Records from a data collection
★ ★ ★ ★
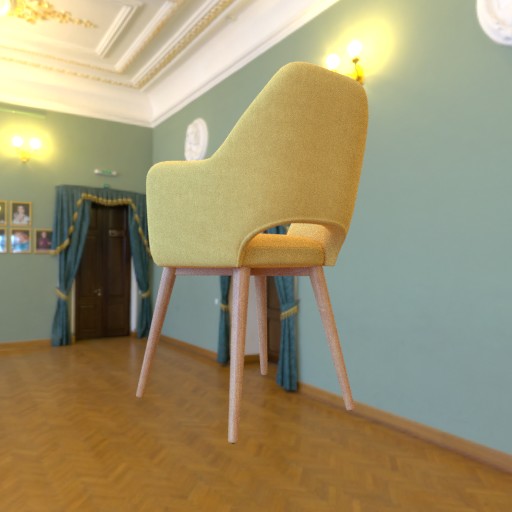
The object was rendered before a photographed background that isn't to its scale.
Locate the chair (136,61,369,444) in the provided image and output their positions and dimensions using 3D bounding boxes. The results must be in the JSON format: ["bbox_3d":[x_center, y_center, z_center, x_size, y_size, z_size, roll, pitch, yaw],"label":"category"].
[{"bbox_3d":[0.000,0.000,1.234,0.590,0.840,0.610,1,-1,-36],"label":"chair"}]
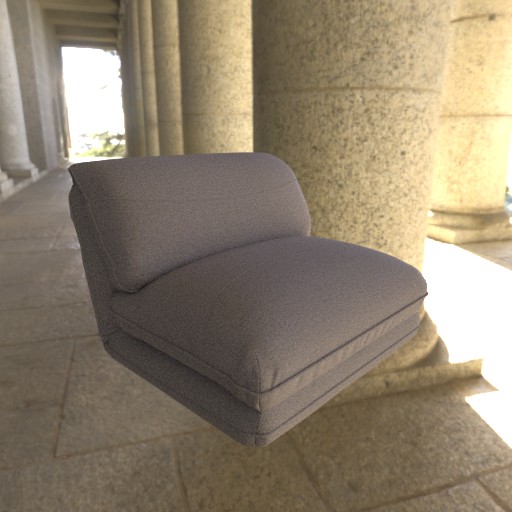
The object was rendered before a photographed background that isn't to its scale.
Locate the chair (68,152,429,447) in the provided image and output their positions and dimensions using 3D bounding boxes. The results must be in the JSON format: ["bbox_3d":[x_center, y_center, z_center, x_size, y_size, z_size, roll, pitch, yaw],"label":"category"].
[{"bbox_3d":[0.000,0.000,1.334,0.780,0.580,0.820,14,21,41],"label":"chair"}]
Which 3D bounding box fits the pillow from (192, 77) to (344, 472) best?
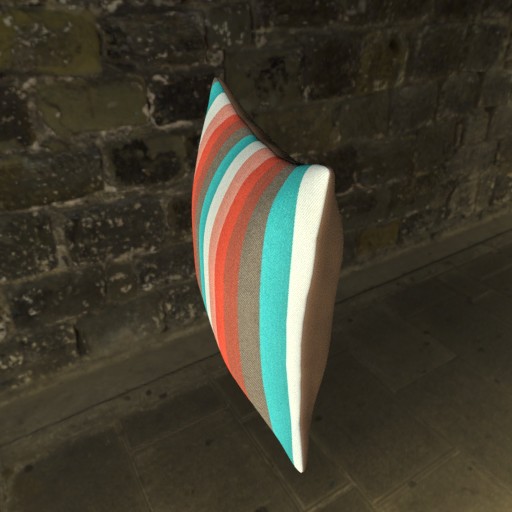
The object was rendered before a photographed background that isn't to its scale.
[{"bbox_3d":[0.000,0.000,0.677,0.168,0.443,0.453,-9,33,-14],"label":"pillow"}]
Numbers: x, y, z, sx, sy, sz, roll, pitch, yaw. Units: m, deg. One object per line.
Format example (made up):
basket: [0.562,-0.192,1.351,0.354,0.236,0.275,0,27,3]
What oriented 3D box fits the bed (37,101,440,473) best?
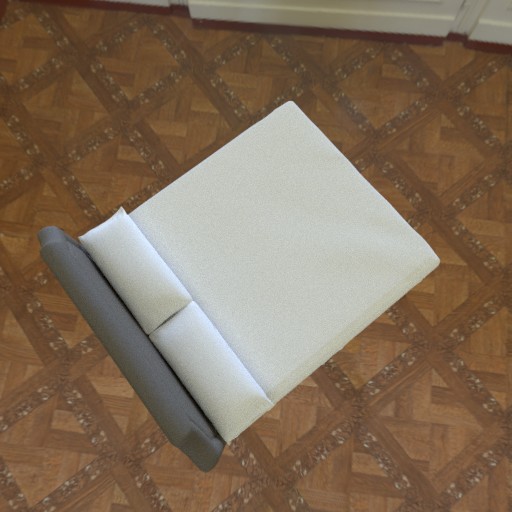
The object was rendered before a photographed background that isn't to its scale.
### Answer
★ ★ ★ ★
Instructions for the task
Search the entries for the word "best", then list each line that holds it.

Your solution
Which 3D bounding box fits the pillow from (192, 77) to (344, 472) best?
What oriented 3D box fits the bed (37,101,440,473) best?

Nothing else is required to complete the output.